Let's say you have a book or three in you and want to get the first published by 2014.
Unless you are a public figure, the octamom or a Navy Seal, its harder to get an agent than it is to get a book publisher. And, by the way, its impossible to get a book publisher. SO - unless the title, treatment and marketing plan you devise looks like a winner from the moment they pick it up, you don't stand much of a chance of getting a house to pick it up and put a nickel into it.
You can self-publish all you want for very little money, but unless you have a Seth Godinish 1000-member tribe hanging on your every word, you'll be selling the books out of your trunk from now until you go on Social Security.
What you want is a real publisher to take an interest, and give you an advance, and do the marketing, and send you checks twice a year from now until you're dead, and then to send checks to your grandchildren.
What is more likely is the publisher won't see it unless an agent they trust and have worked with on revenue-positive projects before says, "I have a new author with a piece that I think will work for you." And to get that to happen, you've got to convince an agent that you aren't a one-hit-wonder, but a sharp mind with a sharper wit, a unique perspective, a marvelous way of sharing your perspective, and a network of people who will pay to hear your perspective.
Oh, and that you'll do the work necessary to polish your craft.
Oh, and that the second and third book will be out a year after the first book gets traction, and a year after that, too, and you'll be working EVERY DAY from now until then to get the word out.
As for your THREE books, let me suggest 2014, 2015 and 2016 as your most prolific years, and the years that, with a TON of work, blood, sweat and tears, have a slight chance of padding your retirement account nicely.
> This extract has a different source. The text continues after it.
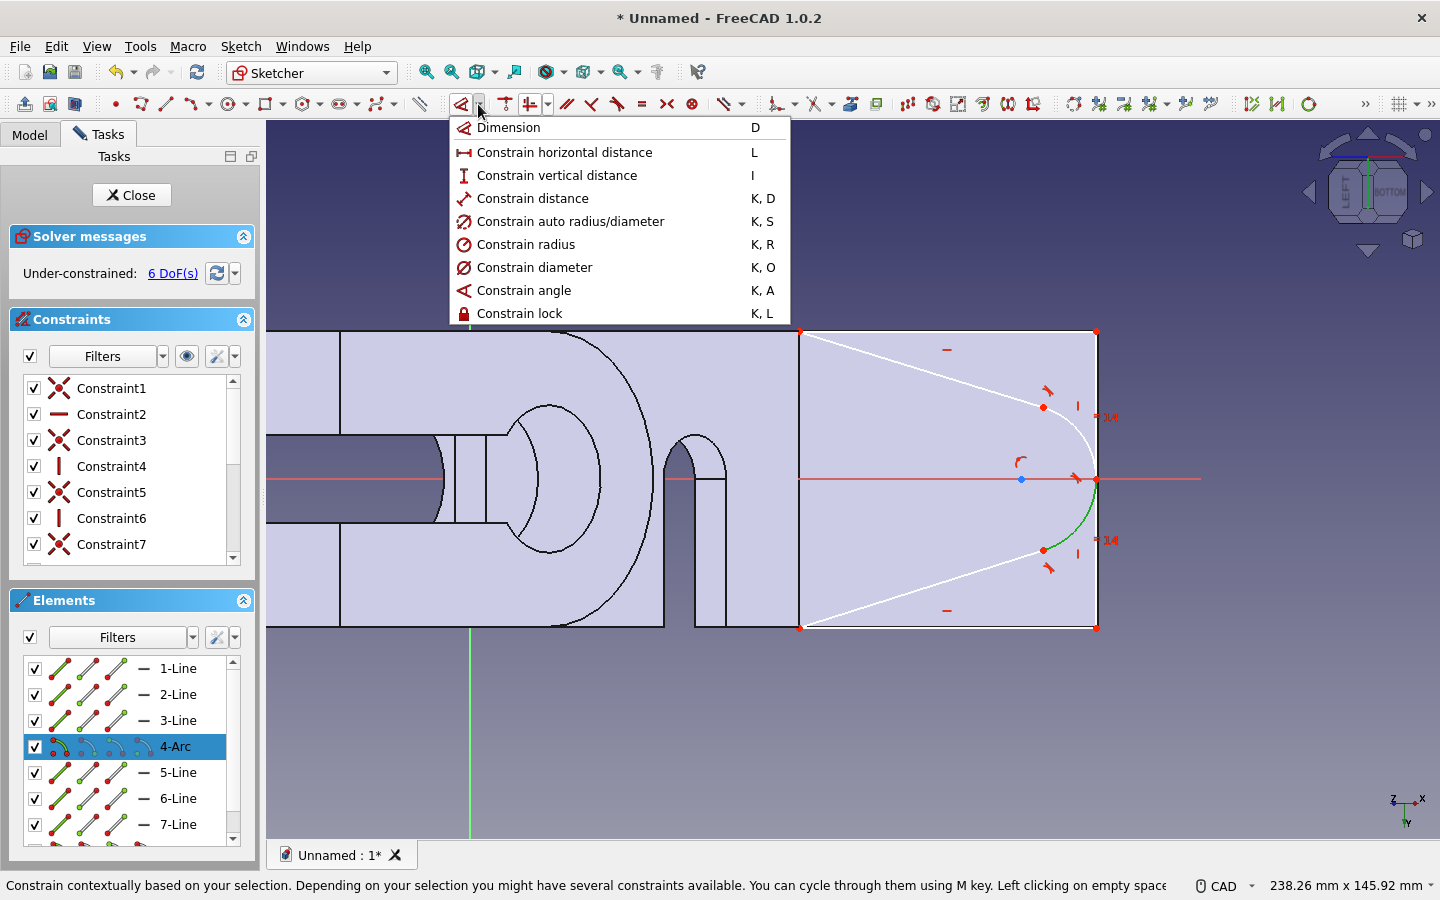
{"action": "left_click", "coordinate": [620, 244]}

Here's what you need to do this afternoon...
1. Choose the project MOST likely to get noticed and put the other two aside.
2. Download "How to Write a Book Proposal" by Michael Larsen (my first agent) and organize the skeleton of the book EXACTLY as Michael suggests (so that it becomes salable from the get-go to an agent).
3. Watch the Oscars tonight and pretend they're giving the "Best Picture" award to the film based on your first book.
4. Take tomorrow off and read Michael's pdf (free) and do EXACTLY what he tells you.
5. Oh yeah, and buy me lunch when it hits the NYTimes Best Seller's list. And the most expensive wine on the menu. I'll toast to your success.
He who began the good work in you will be faithful to complete it, but you still have to show up.
(PS - Yeah, that's me on the floor, writing my first book. It was about a duck who couldn't quack. Turns out he could quack. He just didn't think there was much worth quacking about.)